The Spodoptera frugiperda, known as fall armyworm, is a prime noctuid pest.
Sudden panic by agriculturalists due to a vicious invasion by fall armyworms.
Today’s edition sheds more light on the Spodoptera frugiperda a prime noctuid pest. Goergen et al. (2016) illustrated that outbreaks of the Spodoptera frugiperda commonly referred to as the fall armyworms usually accords with the onset of a wet season after a long period of drought.
These armyworms were first observed in a maize field in Nigeria in 2016, and seek their origin from the United States of America and the Caribbean islands.
The fall armyworms are avid pests that are a threat to crops and often prefer grainy plants such as maize, millet, sorghum, rice, wheat which are the mainstay of many countries in the world. They have also been observed to damage other agricultural crops like cow peas, groundnuts, potatoes, sugarcane and cotton.
Upon hatching, neonate larvae often bore into the target plant and develop under protected conditions, where pest controls do not penetrate (Adamczyk et al., 1999) an adaptation mechanism.

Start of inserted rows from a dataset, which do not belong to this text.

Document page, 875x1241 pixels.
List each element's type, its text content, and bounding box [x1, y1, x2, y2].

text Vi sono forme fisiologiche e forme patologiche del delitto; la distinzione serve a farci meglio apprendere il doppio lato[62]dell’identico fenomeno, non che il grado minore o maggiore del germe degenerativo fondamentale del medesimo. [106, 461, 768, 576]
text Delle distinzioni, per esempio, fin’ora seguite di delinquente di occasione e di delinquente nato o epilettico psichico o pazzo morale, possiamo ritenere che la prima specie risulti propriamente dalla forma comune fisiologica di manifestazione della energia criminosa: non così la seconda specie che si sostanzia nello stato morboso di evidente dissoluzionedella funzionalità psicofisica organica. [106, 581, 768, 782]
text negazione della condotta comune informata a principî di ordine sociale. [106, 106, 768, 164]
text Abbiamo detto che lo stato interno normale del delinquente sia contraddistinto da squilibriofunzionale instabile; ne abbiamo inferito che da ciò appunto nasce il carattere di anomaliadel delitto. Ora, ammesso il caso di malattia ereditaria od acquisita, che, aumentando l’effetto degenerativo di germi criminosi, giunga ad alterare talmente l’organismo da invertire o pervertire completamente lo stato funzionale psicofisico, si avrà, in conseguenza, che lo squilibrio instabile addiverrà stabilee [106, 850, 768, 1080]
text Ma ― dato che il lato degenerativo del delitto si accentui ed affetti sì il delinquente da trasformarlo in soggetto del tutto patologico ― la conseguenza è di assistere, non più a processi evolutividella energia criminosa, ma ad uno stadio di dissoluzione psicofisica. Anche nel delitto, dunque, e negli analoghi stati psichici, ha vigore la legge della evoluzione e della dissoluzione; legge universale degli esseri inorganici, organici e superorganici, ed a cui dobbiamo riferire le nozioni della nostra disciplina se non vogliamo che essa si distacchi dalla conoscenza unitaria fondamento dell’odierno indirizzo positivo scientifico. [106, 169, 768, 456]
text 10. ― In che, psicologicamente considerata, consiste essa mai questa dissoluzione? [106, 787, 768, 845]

The mandibles of the fall armyworms have saw-like cutting edges, which enhance easy feeding. Day et al. (2017) stated that the mature fall armyworm moths are capable of migrating long distances with the aid of prevailing winds. Crops at different stages of development; germination, vegetative and flowering are still highly susceptible to fall armyworms.
The impact of fall armyworm in crop production
- The Spodoptera frugiperda is a threat to top maize producing nations; USA, China, Brazil.
- Pest controls in affected fields may cost millions of dollars.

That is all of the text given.